WHAT TO PRODUCE :: Please restate the lines shown below exactly, every one of them.
═════ AVAILABLE RECORDS
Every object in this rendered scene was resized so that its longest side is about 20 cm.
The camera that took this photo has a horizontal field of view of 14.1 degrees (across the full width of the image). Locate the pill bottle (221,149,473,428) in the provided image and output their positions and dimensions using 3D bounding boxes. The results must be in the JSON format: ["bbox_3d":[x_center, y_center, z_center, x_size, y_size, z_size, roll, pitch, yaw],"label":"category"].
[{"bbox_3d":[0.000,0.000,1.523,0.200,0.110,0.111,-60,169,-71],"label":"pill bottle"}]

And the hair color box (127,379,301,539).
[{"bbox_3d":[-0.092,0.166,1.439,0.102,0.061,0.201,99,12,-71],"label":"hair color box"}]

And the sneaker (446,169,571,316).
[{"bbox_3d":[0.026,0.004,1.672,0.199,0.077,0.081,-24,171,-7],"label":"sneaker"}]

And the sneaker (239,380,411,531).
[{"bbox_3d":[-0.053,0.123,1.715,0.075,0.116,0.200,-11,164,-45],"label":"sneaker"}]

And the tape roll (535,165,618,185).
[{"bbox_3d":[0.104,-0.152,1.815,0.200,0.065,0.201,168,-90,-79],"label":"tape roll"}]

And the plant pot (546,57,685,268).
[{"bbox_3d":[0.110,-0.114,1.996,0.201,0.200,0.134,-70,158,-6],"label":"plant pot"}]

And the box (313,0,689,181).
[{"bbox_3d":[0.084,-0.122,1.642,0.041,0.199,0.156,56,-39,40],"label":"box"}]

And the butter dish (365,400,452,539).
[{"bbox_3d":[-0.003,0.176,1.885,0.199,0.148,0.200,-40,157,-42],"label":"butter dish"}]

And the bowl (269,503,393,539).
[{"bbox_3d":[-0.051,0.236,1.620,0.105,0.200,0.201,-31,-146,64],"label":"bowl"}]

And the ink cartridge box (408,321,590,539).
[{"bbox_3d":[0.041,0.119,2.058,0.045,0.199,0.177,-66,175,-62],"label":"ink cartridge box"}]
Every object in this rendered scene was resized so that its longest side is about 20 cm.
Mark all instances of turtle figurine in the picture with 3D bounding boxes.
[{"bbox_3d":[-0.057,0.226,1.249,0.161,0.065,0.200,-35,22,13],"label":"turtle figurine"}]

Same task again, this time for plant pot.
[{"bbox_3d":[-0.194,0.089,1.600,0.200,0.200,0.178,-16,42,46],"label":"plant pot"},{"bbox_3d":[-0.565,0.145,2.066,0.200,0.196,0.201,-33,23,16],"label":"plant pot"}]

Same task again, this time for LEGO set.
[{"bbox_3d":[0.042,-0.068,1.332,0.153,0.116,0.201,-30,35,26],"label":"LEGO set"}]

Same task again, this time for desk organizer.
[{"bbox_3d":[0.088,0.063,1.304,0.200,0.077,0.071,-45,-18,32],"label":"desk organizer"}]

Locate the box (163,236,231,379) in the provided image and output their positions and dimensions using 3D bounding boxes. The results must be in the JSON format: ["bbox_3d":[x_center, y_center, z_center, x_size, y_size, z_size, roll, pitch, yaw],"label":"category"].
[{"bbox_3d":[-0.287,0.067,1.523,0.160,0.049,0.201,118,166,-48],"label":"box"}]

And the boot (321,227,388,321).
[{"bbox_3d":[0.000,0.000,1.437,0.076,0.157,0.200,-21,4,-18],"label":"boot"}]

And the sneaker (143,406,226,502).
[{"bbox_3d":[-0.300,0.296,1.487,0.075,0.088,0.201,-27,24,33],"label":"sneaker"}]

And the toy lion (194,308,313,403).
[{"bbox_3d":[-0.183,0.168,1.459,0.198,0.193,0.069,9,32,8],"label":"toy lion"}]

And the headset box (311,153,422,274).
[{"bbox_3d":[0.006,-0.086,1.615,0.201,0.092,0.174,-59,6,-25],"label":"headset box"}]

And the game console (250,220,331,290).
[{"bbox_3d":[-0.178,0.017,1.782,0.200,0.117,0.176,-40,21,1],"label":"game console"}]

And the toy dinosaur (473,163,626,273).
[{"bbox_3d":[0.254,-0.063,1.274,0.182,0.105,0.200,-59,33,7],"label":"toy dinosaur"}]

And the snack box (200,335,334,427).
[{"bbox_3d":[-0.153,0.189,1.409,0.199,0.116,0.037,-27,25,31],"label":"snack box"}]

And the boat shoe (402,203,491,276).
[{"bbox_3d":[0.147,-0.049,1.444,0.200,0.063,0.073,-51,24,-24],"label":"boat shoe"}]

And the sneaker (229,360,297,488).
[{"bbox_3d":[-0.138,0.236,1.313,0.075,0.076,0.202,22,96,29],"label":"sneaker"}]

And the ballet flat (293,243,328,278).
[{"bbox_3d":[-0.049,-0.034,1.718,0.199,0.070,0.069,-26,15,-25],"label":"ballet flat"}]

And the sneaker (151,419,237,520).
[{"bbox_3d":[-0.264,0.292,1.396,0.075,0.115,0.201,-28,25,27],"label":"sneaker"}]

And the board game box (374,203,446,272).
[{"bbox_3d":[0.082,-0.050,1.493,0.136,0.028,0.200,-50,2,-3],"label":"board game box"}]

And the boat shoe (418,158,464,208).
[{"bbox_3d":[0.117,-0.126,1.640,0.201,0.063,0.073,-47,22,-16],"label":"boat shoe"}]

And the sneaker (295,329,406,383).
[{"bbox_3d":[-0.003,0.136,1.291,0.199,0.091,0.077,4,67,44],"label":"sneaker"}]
══════════
THE ANSWER ::
Every object in this rendered scene was resized so that its longest side is about 20 cm.
The camera that took this photo has a horizontal field of view of 14.1 degrees (across the full width of the image). Locate the pill bottle (221,149,473,428) in the provided image and output their positions and dimensions using 3D bounding boxes. The results must be in the JSON format: ["bbox_3d":[x_center, y_center, z_center, x_size, y_size, z_size, roll, pitch, yaw],"label":"category"].
[{"bbox_3d":[0.000,0.000,1.523,0.200,0.110,0.111,-60,169,-71],"label":"pill bottle"}]

And the hair color box (127,379,301,539).
[{"bbox_3d":[-0.092,0.166,1.439,0.102,0.061,0.201,99,12,-71],"label":"hair color box"}]

And the sneaker (446,169,571,316).
[{"bbox_3d":[0.026,0.004,1.672,0.199,0.077,0.081,-24,171,-7],"label":"sneaker"}]

And the sneaker (239,380,411,531).
[{"bbox_3d":[-0.053,0.123,1.715,0.075,0.116,0.200,-11,164,-45],"label":"sneaker"}]

And the tape roll (535,165,618,185).
[{"bbox_3d":[0.104,-0.152,1.815,0.200,0.065,0.201,168,-90,-79],"label":"tape roll"}]

And the plant pot (546,57,685,268).
[{"bbox_3d":[0.110,-0.114,1.996,0.201,0.200,0.134,-70,158,-6],"label":"plant pot"}]

And the box (313,0,689,181).
[{"bbox_3d":[0.084,-0.122,1.642,0.041,0.199,0.156,56,-39,40],"label":"box"}]

And the butter dish (365,400,452,539).
[{"bbox_3d":[-0.003,0.176,1.885,0.199,0.148,0.200,-40,157,-42],"label":"butter dish"}]

And the bowl (269,503,393,539).
[{"bbox_3d":[-0.051,0.236,1.620,0.105,0.200,0.201,-31,-146,64],"label":"bowl"}]

And the ink cartridge box (408,321,590,539).
[{"bbox_3d":[0.041,0.119,2.058,0.045,0.199,0.177,-66,175,-62],"label":"ink cartridge box"}]
Every object in this rendered scene was resized so that its longest side is about 20 cm.
Mark all instances of turtle figurine in the picture with 3D bounding boxes.
[{"bbox_3d":[-0.057,0.226,1.249,0.161,0.065,0.200,-35,22,13],"label":"turtle figurine"}]

Same task again, this time for plant pot.
[{"bbox_3d":[-0.194,0.089,1.600,0.200,0.200,0.178,-16,42,46],"label":"plant pot"},{"bbox_3d":[-0.565,0.145,2.066,0.200,0.196,0.201,-33,23,16],"label":"plant pot"}]

Same task again, this time for LEGO set.
[{"bbox_3d":[0.042,-0.068,1.332,0.153,0.116,0.201,-30,35,26],"label":"LEGO set"}]

Same task again, this time for desk organizer.
[{"bbox_3d":[0.088,0.063,1.304,0.200,0.077,0.071,-45,-18,32],"label":"desk organizer"}]

Locate the box (163,236,231,379) in the provided image and output their positions and dimensions using 3D bounding boxes. The results must be in the JSON format: ["bbox_3d":[x_center, y_center, z_center, x_size, y_size, z_size, roll, pitch, yaw],"label":"category"].
[{"bbox_3d":[-0.287,0.067,1.523,0.160,0.049,0.201,118,166,-48],"label":"box"}]

And the boot (321,227,388,321).
[{"bbox_3d":[0.000,0.000,1.437,0.076,0.157,0.200,-21,4,-18],"label":"boot"}]

And the sneaker (143,406,226,502).
[{"bbox_3d":[-0.300,0.296,1.487,0.075,0.088,0.201,-27,24,33],"label":"sneaker"}]

And the toy lion (194,308,313,403).
[{"bbox_3d":[-0.183,0.168,1.459,0.198,0.193,0.069,9,32,8],"label":"toy lion"}]

And the headset box (311,153,422,274).
[{"bbox_3d":[0.006,-0.086,1.615,0.201,0.092,0.174,-59,6,-25],"label":"headset box"}]

And the game console (250,220,331,290).
[{"bbox_3d":[-0.178,0.017,1.782,0.200,0.117,0.176,-40,21,1],"label":"game console"}]

And the toy dinosaur (473,163,626,273).
[{"bbox_3d":[0.254,-0.063,1.274,0.182,0.105,0.200,-59,33,7],"label":"toy dinosaur"}]

And the snack box (200,335,334,427).
[{"bbox_3d":[-0.153,0.189,1.409,0.199,0.116,0.037,-27,25,31],"label":"snack box"}]

And the boat shoe (402,203,491,276).
[{"bbox_3d":[0.147,-0.049,1.444,0.200,0.063,0.073,-51,24,-24],"label":"boat shoe"}]

And the sneaker (229,360,297,488).
[{"bbox_3d":[-0.138,0.236,1.313,0.075,0.076,0.202,22,96,29],"label":"sneaker"}]

And the ballet flat (293,243,328,278).
[{"bbox_3d":[-0.049,-0.034,1.718,0.199,0.070,0.069,-26,15,-25],"label":"ballet flat"}]

And the sneaker (151,419,237,520).
[{"bbox_3d":[-0.264,0.292,1.396,0.075,0.115,0.201,-28,25,27],"label":"sneaker"}]

And the board game box (374,203,446,272).
[{"bbox_3d":[0.082,-0.050,1.493,0.136,0.028,0.200,-50,2,-3],"label":"board game box"}]

And the boat shoe (418,158,464,208).
[{"bbox_3d":[0.117,-0.126,1.640,0.201,0.063,0.073,-47,22,-16],"label":"boat shoe"}]

And the sneaker (295,329,406,383).
[{"bbox_3d":[-0.003,0.136,1.291,0.199,0.091,0.077,4,67,44],"label":"sneaker"}]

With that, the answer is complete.